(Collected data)
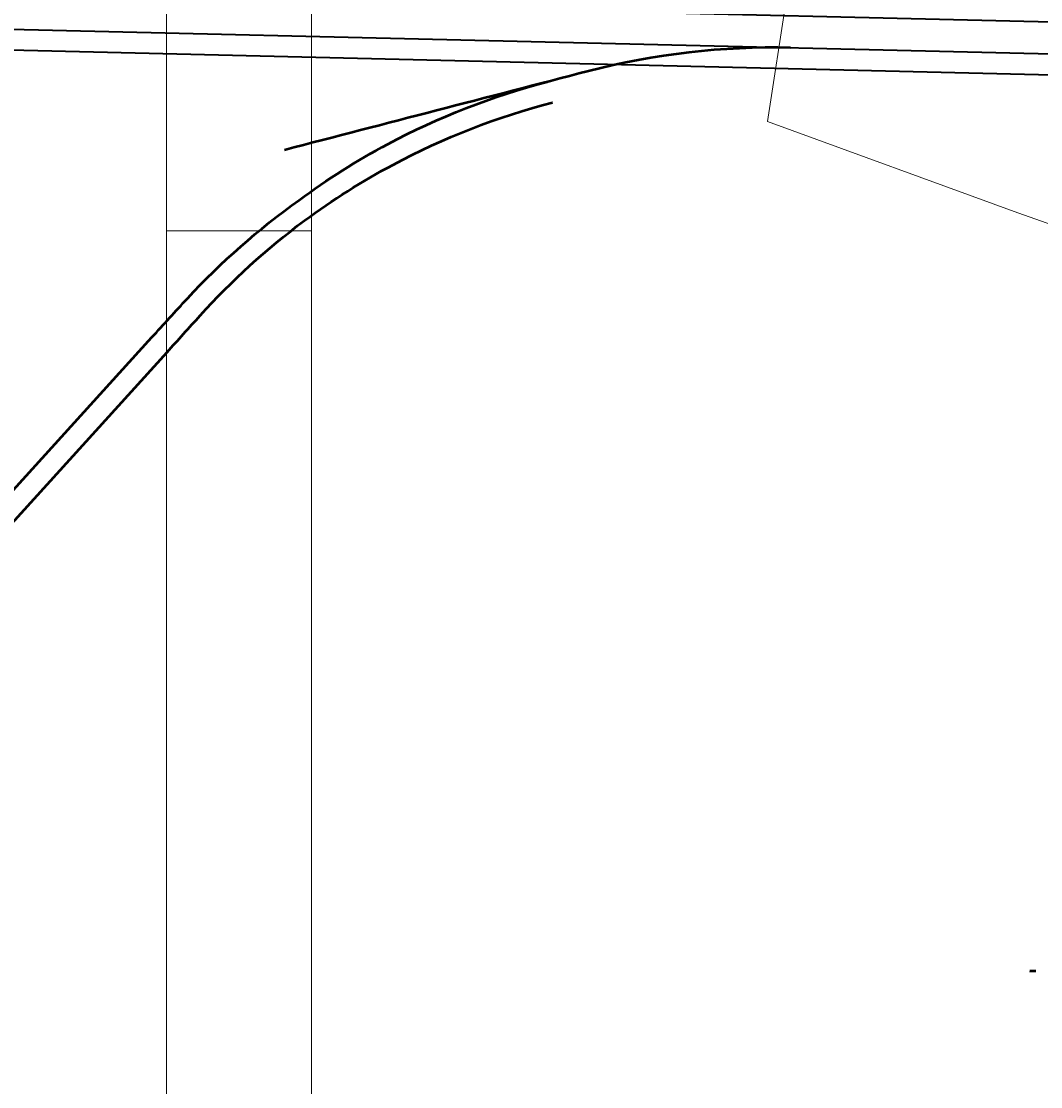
# Model space of a CAD drawing. Header units: metres. Extents: x -5203299 to 2078834, y 245743 to 5816291.
# Tile 66 of 256: x 366248 to 366319, y 5814150 to 5814224. Entities that reach past the tile are written whole.
import ezdxf

# ---------------------------------------------------------------- set-up
doc = ezdxf.new("R2010")
doc.units = ezdxf.units.M
doc.header["$LTSCALE"] = 0.5
doc.linetypes.add('ISO-02 Strichlinie', pattern=[3.81, 3.048, -0.762])
for name, color, linetype, lineweight in [('01_CS-500-Tx-Hoehen Bestand_100', 7, 'Continuous', 9), ('70 -74 Zeichnungsblatt- 4 Plankopf Linie', 7, 'Continuous', 13), ('99.02_Vermesserplan-Linie Zaun', 7, 'Continuous', 18), ('Keine', 7, 'Continuous', 9)]:
    doc.layers.add(name, color=color, linetype=linetype, lineweight=lineweight)
for name, color, linetype, lineweight, true_color in [('30 -34 Innenwände- 4 Türen_Fenster', 7, 'Continuous', 15, 0x9955ff), ('99.04_Gleisplanung VP 02_23-EB-1236L-A-FAHRKANTE', 150, 'Continuous', 35, 0x007fff), ('99.04_Gleisplanung VP 02_23-EB-1236R-A-FAHRKANTE', 150, 'Continuous', 35, 0x007fff), ('99.04_Gleisplanung VP 02_23-SB-460Y-003-LIN-SCHIENE', 150, 'Continuous', 50, 0x007fff)]:
    doc.layers.add(name, color=color, linetype=linetype, lineweight=lineweight, true_color=true_color)
doc.styles.add('Arial', font='arial.ttf')

# ---------------------------------------------------------------- blocks, each defined once
blk = doc.blocks.new('_25-01-10_187 KRA_CS_LP4_Außenanlagenplan (3D)')
at = {"layer": '01_CS-500-Tx-Hoehen Bestand_100', "color": 7}
blk.add_solid([(366318.018, 5814158.359), (366318.452, 5814158.359), (366318.018, 5814158.517), (366318.452, 5814158.517)], dxfattribs=at)
blk.add_solid([(366318.018, 5814158.359), (366318.452, 5814158.359), (366318.018, 5814158.517), (366318.452, 5814158.517)], dxfattribs=at)
at = {"layer": '01_CS-500-Tx-Hoehen Bestand_100', "insert": (366318.018, 5814158.438), "char_height": 0.1007, "attachment_point": 4, "rotation": 359.99999, "line_spacing_factor": 4, "style": 'Arial'}
blk.add_mtext('{\\L33,30g}', dxfattribs=at)
blk = doc.blocks.new('_23-07-06_Massenplan_TB_Weiterführende Schule (3D)')
at = {"layer": '99.02_Vermesserplan-Linie Zaun', "color": 7, "linetype": 'Continuous', "lineweight": 18}
for p, q in [((-292.864, 11.357), (-290.958, 23.889)), ((-275.592, 5.06), (-292.864, 11.357)), ((-264.235, 0.975), (-275.592, 5.06))]:
    blk.add_line(p, q, dxfattribs=at)
at = {"layer": '99.04_Gleisplanung VP 02_23-EB-1236L-A-FAHRKANTE', "flags": 128}
for points in [[(562.055, 14.664), (-195.677, 14.713, -0.005965), (-243.369, 15.285), (-544.421, 22.489)], [(562.055, 13.229), (-195.677, 13.278), (-195.677, 13.278, -0.005965), (-243.404, 13.85), (-243.404, 13.85), (-243.404, 13.85), (-544.456, 21.055, -0.000153)]]:
    blk.add_lwpolyline(points, format="xyb", dxfattribs=at)
at = {"layer": '99.04_Gleisplanung VP 02_23-EB-1236R-A-FAHRKANTE', "flags": 128}
blk.add_lwpolyline([(563.016, 16.878), (-195.633, 16.927, -0.005965), (-243.36, 17.5), (-544.44, 24.705)], format="xyb", dxfattribs=at)
at = {"layer": '99.04_Gleisplanung VP 02_23-SB-460Y-003-LIN-SCHIENE', "flags": 128}
for points in [[(-408.24, -60.234), (-408.24, -60.234, -0.000996), (-393.699, -57.02), (-393.699, -57.02, 0.090484), (-380.675, -51.573), (-380.207, -51.264), (-379.744, -50.948), (-379.284, -50.626), (-378.829, -50.296), (-378.377, -49.959), (-377.931, -49.616), (-377.931, -49.616, 0.042478), (-372.972, -45.004), (-372.972, -45.004), (-335.353, -3.534), (-335.353, -3.534, -0.001462), (-332.902, -0.853), (-332.902, -0.853, -0.049684), (-325.202, 5.938), (-325.202, 5.938, -0.035449), (-319.077, 9.798), (-319.077, 9.798, -0.059316), (-308.068, 14.099)], [(-371.707, -45.79), (-334.311, -4.564), (-334.311, -4.564, 0.000771), (-332.026, -2.028), (-332.026, -2.028, -0.047759), (-324.834, 4.52, -0.035449), (-318.709, 8.38), (-318.709, 8.38, -0.059316), (-307.7, 12.681), (-307.7, 12.681)]]:
    blk.add_lwpolyline(points, format="xyb", dxfattribs=at)
at = {"layer": '99.04_Gleisplanung VP 02_23-SB-460Y-003-LIN-SCHIENE'}
for centre, radius, start, end in [((-292.493, -34.262), 50.723, 88.62901, 104.55022), ((134458.483, -519231.533), 536449.485, 104.54937288, 104.55168666)]:
    blk.add_arc(centre, radius, start, end, dxfattribs=at)
blk = doc.blocks.new('Plankopf')
at = {"layer": '70 -74 Zeichnungsblatt- 4 Plankopf Linie', "color": 7, "linetype": 'ISO-02 Strichlinie', "lineweight": 5, "transparency": 33554687}
blk.add_line((-0.5945, 0.1735), (-0.5745, 0.1735), dxfattribs=at)
at = {"layer": '70 -74 Zeichnungsblatt- 4 Plankopf Linie', "transparency": 33554687, "flags": 128}
for points in [[(-0.5945, 0.4205), (0.5945, 0.4205), (0.5945, -0.4205), (-0.5945, -0.4205)], [(-0.5745, -0.4155), (-0.5745, 0.4155), (0.5895, 0.4155), (0.5895, -0.4155)]]:
    blk.add_lwpolyline(points, close=True, dxfattribs=at)
at = {"layer": '70 -74 Zeichnungsblatt- 4 Plankopf Linie', "color": 0, "flags": 1}
for tag in ['AR_Genehmigt_-_Datum', 'Auto_Generate_Page_Number', 'Auto_Total_Num_Sheets', 'Architekt', 'Architekt_Zusatz_-1-', 'Current_Plot_Date', 'Scale', 'Sheet_Number', 'Sheet_Title', 'Teil', 'Gewerk', 'Total_Num_Sheets', 'Tragwerksplanung', 'Tragwerksplanung_Zusatz_-1-', 'Geschäftszeichen', 'Zone', 'Zone', 'Zone', 'Zone', 'Zone', 'Status', 'TGA', 'TGA_Zusatz_-1-', 'Zone', 'Number', 'Publish_Date', 'Number', 'Publish_Date', 'Number', 'Publish_Date', 'Number', 'Publish_Date', 'Number', 'Publish_Date', 'Planungsgrundlagen', 'Plot_Date_Format', 'BH_Genehmigt_-_Datum', 'Papiermaße', 'Ebene', 'Page_Number', 'Plannummer_Fachplaner', 'File_Name', 'File_Name_Include_Path', 'Projektname_Zusatz', 'Landschaftsarchitekt', 'Landschaftsarchitekten_Zusatz-1-', 'Höhe_üNHN', 'Leistungsphase', 'Number', 'Publish_Date', 'Recipients', 'Recipients', 'Recipients', 'Recipients', 'Recipients', 'Project_Date', 'Project_ID', 'Project_Name', 'Recipients', 'Date', 'Note', 'Date', 'Note', 'Date', 'Note', 'Date', 'Note', 'Date', 'Note', 'Format', 'Date', 'Date', 'Note']:
    blk.add_attdef(tag, (-0.5945, -0.4205), '', height=0.00018, dxfattribs=at)

msp = doc.modelspace()

# ---------------------------------------------------------------- block references
at = {"layer": '30 -34 Innenwände- 4 Türen_Fenster', "color": 1}
msp.add_blockref('_25-01-10_187 KRA_CS_LP4_Außenanlagenplan (3D)', (0, 0), dxfattribs=at)

# ---------------------------------------------------------------- next in the draw order: block references
at = {"layer": 'Keine', "color": 1}
msp.add_blockref('_23-07-06_Massenplan_TB_Weiterführende Schule (3D)', (366592.803, 5814205.708), dxfattribs=at)

# ---------------------------------------------------------------- next in the draw order: block references
at = {"layer": '70 -74 Zeichnungsblatt- 4 Plankopf Linie', "xscale": 500, "yscale": 500, "zscale": 500}
msp.add_blockref('Plankopf', (366555.71, 5814122.76), dxfattribs=at)

doc.saveas('drawing.dxf')

Work instruction >>
Whenever a line above includes the string "flags", copy it.

Exercise answer >>
at = {"layer": '99.04_Gleisplanung VP 02_23-EB-1236L-A-FAHRKANTE', "flags": 128}
at = {"layer": '99.04_Gleisplanung VP 02_23-EB-1236R-A-FAHRKANTE', "flags": 128}
at = {"layer": '99.04_Gleisplanung VP 02_23-SB-460Y-003-LIN-SCHIENE', "flags": 128}
at = {"layer": '70 -74 Zeichnungsblatt- 4 Plankopf Linie', "transparency": 33554687, "flags": 128}
at = {"layer": '70 -74 Zeichnungsblatt- 4 Plankopf Linie', "color": 0, "flags": 1}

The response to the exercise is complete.